### ACTION ITEM
Could you transcribe every record below exactly as it stands?

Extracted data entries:
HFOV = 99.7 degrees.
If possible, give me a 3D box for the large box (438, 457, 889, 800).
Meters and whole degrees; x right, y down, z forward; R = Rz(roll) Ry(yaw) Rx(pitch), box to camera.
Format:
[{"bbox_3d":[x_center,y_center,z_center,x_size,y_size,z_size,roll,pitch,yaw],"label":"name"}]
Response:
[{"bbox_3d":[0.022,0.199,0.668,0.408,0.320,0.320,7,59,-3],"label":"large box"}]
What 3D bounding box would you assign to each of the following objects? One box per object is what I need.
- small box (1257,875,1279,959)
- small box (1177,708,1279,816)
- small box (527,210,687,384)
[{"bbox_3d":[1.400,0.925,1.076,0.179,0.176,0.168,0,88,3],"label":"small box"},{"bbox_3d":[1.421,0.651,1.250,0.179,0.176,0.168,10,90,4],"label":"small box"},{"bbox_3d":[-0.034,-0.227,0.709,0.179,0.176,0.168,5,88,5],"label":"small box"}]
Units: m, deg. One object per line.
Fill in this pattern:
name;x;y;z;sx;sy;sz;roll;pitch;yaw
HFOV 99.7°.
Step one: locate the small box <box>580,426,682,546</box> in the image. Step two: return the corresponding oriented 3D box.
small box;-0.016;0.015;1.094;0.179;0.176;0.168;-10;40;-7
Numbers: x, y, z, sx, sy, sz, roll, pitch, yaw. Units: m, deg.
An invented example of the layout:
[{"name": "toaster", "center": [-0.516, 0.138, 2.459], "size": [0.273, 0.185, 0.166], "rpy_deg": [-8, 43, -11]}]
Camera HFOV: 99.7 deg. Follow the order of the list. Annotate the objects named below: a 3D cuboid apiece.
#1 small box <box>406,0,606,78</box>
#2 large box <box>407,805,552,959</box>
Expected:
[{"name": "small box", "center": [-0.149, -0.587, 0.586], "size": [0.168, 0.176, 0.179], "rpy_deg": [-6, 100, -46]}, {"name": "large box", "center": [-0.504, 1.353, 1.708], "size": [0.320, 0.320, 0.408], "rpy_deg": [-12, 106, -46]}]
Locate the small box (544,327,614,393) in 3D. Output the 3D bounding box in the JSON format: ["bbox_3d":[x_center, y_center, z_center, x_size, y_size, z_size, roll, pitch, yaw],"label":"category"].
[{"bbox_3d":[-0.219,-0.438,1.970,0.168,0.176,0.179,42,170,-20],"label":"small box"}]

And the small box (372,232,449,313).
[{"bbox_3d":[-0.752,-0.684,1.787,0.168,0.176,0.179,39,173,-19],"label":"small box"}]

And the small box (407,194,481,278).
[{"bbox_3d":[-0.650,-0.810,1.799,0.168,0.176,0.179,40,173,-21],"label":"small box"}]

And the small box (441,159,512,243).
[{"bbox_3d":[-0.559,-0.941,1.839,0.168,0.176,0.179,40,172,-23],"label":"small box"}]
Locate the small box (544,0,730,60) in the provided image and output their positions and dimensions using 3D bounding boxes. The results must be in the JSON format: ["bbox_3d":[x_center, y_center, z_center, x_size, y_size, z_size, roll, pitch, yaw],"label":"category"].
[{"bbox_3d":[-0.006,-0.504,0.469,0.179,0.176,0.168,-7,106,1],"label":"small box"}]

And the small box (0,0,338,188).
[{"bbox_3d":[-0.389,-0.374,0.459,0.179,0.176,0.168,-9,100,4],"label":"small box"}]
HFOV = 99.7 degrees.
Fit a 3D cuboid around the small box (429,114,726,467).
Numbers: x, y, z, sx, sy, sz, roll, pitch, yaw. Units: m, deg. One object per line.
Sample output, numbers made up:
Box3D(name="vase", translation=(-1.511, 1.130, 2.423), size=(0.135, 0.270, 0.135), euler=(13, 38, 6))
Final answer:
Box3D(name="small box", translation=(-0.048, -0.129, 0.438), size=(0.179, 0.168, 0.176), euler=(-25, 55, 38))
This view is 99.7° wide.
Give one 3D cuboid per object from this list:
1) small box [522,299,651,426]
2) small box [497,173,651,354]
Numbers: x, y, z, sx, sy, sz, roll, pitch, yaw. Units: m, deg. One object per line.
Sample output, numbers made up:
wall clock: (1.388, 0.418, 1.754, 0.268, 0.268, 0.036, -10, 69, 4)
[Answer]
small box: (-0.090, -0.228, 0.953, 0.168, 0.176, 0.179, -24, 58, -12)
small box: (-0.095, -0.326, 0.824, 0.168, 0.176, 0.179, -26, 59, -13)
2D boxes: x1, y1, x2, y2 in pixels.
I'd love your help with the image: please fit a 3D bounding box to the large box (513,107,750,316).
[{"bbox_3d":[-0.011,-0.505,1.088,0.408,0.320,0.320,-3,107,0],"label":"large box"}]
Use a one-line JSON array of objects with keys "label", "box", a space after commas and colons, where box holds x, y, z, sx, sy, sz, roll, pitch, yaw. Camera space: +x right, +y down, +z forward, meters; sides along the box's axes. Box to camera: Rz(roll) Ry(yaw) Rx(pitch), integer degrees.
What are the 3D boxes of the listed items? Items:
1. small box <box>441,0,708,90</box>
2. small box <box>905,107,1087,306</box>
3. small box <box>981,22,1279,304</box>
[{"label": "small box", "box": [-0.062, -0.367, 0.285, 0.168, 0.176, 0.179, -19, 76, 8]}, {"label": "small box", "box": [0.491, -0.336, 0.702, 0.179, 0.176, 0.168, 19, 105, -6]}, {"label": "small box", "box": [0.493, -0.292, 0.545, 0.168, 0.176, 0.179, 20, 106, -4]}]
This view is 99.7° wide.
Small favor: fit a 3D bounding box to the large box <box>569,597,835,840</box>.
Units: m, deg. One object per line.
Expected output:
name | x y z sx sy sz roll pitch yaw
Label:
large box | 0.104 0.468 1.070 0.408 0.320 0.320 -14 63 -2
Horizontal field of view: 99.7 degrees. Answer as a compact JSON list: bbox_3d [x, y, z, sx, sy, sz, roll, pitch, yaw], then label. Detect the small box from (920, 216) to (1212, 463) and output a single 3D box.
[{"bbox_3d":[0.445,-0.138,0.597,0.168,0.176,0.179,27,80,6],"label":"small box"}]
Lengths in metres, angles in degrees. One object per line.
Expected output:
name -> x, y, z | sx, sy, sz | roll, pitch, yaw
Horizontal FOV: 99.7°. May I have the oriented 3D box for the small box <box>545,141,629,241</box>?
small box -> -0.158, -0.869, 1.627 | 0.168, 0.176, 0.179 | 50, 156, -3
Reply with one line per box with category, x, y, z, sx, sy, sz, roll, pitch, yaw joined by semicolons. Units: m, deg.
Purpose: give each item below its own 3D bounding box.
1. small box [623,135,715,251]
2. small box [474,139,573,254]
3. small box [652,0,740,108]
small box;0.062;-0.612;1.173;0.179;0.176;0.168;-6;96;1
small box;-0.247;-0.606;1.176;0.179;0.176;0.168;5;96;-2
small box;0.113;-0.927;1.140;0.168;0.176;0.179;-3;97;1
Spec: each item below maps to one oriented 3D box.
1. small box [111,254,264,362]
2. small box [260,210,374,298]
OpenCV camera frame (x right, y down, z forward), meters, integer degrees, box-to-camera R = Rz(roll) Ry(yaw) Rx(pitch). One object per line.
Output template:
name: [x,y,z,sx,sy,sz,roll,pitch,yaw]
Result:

### TASK RESULT
HFOV = 99.7 degrees.
If possible, give me a 3D box for the large box (438, 457, 889, 800).
Meters and whole degrees; x right, y down, z forward; R = Rz(roll) Ry(yaw) Rx(pitch), box to camera.
Format:
[{"bbox_3d":[x_center,y_center,z_center,x_size,y_size,z_size,roll,pitch,yaw],"label":"name"}]
Response:
[{"bbox_3d":[0.022,0.199,0.668,0.408,0.320,0.320,7,59,-3],"label":"large box"}]
What 3D bounding box would you assign to each of the following objects? One box per object is what I need.
- small box (1257,875,1279,959)
- small box (1177,708,1279,816)
- small box (527,210,687,384)
[{"bbox_3d":[1.400,0.925,1.076,0.179,0.176,0.168,0,88,3],"label":"small box"},{"bbox_3d":[1.421,0.651,1.250,0.179,0.176,0.168,10,90,4],"label":"small box"},{"bbox_3d":[-0.034,-0.227,0.709,0.179,0.176,0.168,5,88,5],"label":"small box"}]
Units: m, deg. One object per line.
Fill in this pattern:
name;x;y;z;sx;sy;sz;roll;pitch;yaw
HFOV 99.7°.
Step one: locate the small box <box>580,426,682,546</box> in the image. Step two: return the corresponding oriented 3D box.
small box;-0.016;0.015;1.094;0.179;0.176;0.168;-10;40;-7
Numbers: x, y, z, sx, sy, sz, roll, pitch, yaw. Units: m, deg.
An invented example of the layout:
[{"name": "toaster", "center": [-0.516, 0.138, 2.459], "size": [0.273, 0.185, 0.166], "rpy_deg": [-8, 43, -11]}]
Camera HFOV: 99.7 deg. Follow the order of the list. Annotate the objects named below: a 3D cuboid apiece.
#1 small box <box>406,0,606,78</box>
#2 large box <box>407,805,552,959</box>
Expected:
[{"name": "small box", "center": [-0.149, -0.587, 0.586], "size": [0.168, 0.176, 0.179], "rpy_deg": [-6, 100, -46]}, {"name": "large box", "center": [-0.504, 1.353, 1.708], "size": [0.320, 0.320, 0.408], "rpy_deg": [-12, 106, -46]}]
Locate the small box (544,327,614,393) in 3D. Output the 3D bounding box in the JSON format: ["bbox_3d":[x_center, y_center, z_center, x_size, y_size, z_size, roll, pitch, yaw],"label":"category"].
[{"bbox_3d":[-0.219,-0.438,1.970,0.168,0.176,0.179,42,170,-20],"label":"small box"}]

And the small box (372,232,449,313).
[{"bbox_3d":[-0.752,-0.684,1.787,0.168,0.176,0.179,39,173,-19],"label":"small box"}]

And the small box (407,194,481,278).
[{"bbox_3d":[-0.650,-0.810,1.799,0.168,0.176,0.179,40,173,-21],"label":"small box"}]

And the small box (441,159,512,243).
[{"bbox_3d":[-0.559,-0.941,1.839,0.168,0.176,0.179,40,172,-23],"label":"small box"}]
Locate the small box (544,0,730,60) in the provided image and output their positions and dimensions using 3D bounding boxes. The results must be in the JSON format: ["bbox_3d":[x_center, y_center, z_center, x_size, y_size, z_size, roll, pitch, yaw],"label":"category"].
[{"bbox_3d":[-0.006,-0.504,0.469,0.179,0.176,0.168,-7,106,1],"label":"small box"}]

And the small box (0,0,338,188).
[{"bbox_3d":[-0.389,-0.374,0.459,0.179,0.176,0.168,-9,100,4],"label":"small box"}]
HFOV = 99.7 degrees.
Fit a 3D cuboid around the small box (429,114,726,467).
Numbers: x, y, z, sx, sy, sz, roll, pitch, yaw. Units: m, deg. One object per line.
Sample output, numbers made up:
Box3D(name="vase", translation=(-1.511, 1.130, 2.423), size=(0.135, 0.270, 0.135), euler=(13, 38, 6))
Final answer:
Box3D(name="small box", translation=(-0.048, -0.129, 0.438), size=(0.179, 0.168, 0.176), euler=(-25, 55, 38))
This view is 99.7° wide.
Give one 3D cuboid per object from this list:
1) small box [522,299,651,426]
2) small box [497,173,651,354]
Numbers: x, y, z, sx, sy, sz, roll, pitch, yaw. Units: m, deg. One object per line.
Sample output, numbers made up:
wall clock: (1.388, 0.418, 1.754, 0.268, 0.268, 0.036, -10, 69, 4)
[Answer]
small box: (-0.090, -0.228, 0.953, 0.168, 0.176, 0.179, -24, 58, -12)
small box: (-0.095, -0.326, 0.824, 0.168, 0.176, 0.179, -26, 59, -13)
2D boxes: x1, y1, x2, y2 in pixels.
I'd love your help with the image: please fit a 3D bounding box to the large box (513,107,750,316).
[{"bbox_3d":[-0.011,-0.505,1.088,0.408,0.320,0.320,-3,107,0],"label":"large box"}]
Use a one-line JSON array of objects with keys "label", "box", a space after commas and colons, where box holds x, y, z, sx, sy, sz, roll, pitch, yaw. Camera space: +x right, +y down, +z forward, meters; sides along the box's axes. Box to camera: Rz(roll) Ry(yaw) Rx(pitch), integer degrees.
What are the 3D boxes of the listed items? Items:
1. small box <box>441,0,708,90</box>
2. small box <box>905,107,1087,306</box>
3. small box <box>981,22,1279,304</box>
[{"label": "small box", "box": [-0.062, -0.367, 0.285, 0.168, 0.176, 0.179, -19, 76, 8]}, {"label": "small box", "box": [0.491, -0.336, 0.702, 0.179, 0.176, 0.168, 19, 105, -6]}, {"label": "small box", "box": [0.493, -0.292, 0.545, 0.168, 0.176, 0.179, 20, 106, -4]}]
This view is 99.7° wide.
Small favor: fit a 3D bounding box to the large box <box>569,597,835,840</box>.
Units: m, deg. One object per line.
Expected output:
name | x y z sx sy sz roll pitch yaw
Label:
large box | 0.104 0.468 1.070 0.408 0.320 0.320 -14 63 -2
Horizontal field of view: 99.7 degrees. Answer as a compact JSON list: bbox_3d [x, y, z, sx, sy, sz, roll, pitch, yaw], then label. Detect the small box from (920, 216) to (1212, 463) and output a single 3D box.
[{"bbox_3d":[0.445,-0.138,0.597,0.168,0.176,0.179,27,80,6],"label":"small box"}]
Lengths in metres, angles in degrees. One object per line.
Expected output:
name -> x, y, z | sx, sy, sz | roll, pitch, yaw
Horizontal FOV: 99.7°. May I have the oriented 3D box for the small box <box>545,141,629,241</box>?
small box -> -0.158, -0.869, 1.627 | 0.168, 0.176, 0.179 | 50, 156, -3
Reply with one line per box with category, x, y, z, sx, sy, sz, roll, pitch, yaw joined by semicolons. Units: m, deg.
Purpose: give each item below its own 3D bounding box.
1. small box [623,135,715,251]
2. small box [474,139,573,254]
3. small box [652,0,740,108]
small box;0.062;-0.612;1.173;0.179;0.176;0.168;-6;96;1
small box;-0.247;-0.606;1.176;0.179;0.176;0.168;5;96;-2
small box;0.113;-0.927;1.140;0.168;0.176;0.179;-3;97;1
Spec: each item below maps to one oriented 3D box.
1. small box [111,254,264,362]
2. small box [260,210,374,298]
OpenCV camera frame (x right, y down, z forward), meters, integer degrees, box-to-camera R = Rz(roll) Ry(yaw) Rx(pitch). One object per line.
Output template:
name: [x,y,z,sx,sy,sz,roll,pitch,yaw]
Result:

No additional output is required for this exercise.